It seems the odds are not that bad. I found the following:

"p-Chloroacetyl acetanilide (3). To a solution of acetanilide (20.0 g, 148.0 mmol) and α-chloroacetyl
chloride (27.0 mL, 339.5 mmol) in CH2Cl2 (100 mL), aluminum chloride (59.2 g, 444.0 mmol) was
added in portions while stirring, turning the color to dark brown. After completion of addition, the
mixture was heated at reflux for 30 min. The reaction mixture was then allowed to cool to room
temperature and added slowly with stirring to crushed ice (300 g) containing conc. HCl (10 mL).

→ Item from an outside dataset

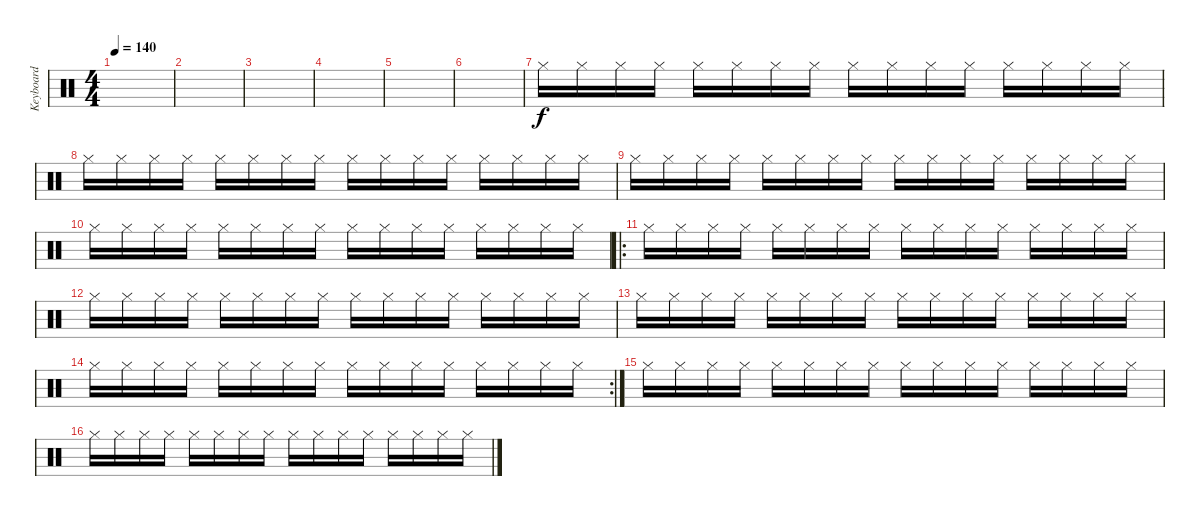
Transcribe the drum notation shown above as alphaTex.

The
precipitate was vacuum filtered, washed thoroughly with water, then left to dry. The solid residue was
crystallized from absolute ethanol to yield 25.4 g of 3 (81.1%) as brownish crystals, mp: 219–221 °C
(published: 213–214 °C [14]); 1
H-NMR (DMSO-d6): δ 2.09 (s, COCH3, 3H); 5.09 (s, 2H, CO-CH2-Cl,
J = 18.1, 3.2 Hz) 7.73 (d, 2H, Ar-H, J = 8.6 Hz); 7.93 (d, 2H, Ar-H, J = 8.5 Hz); 10.34 (s, NH, 1H). "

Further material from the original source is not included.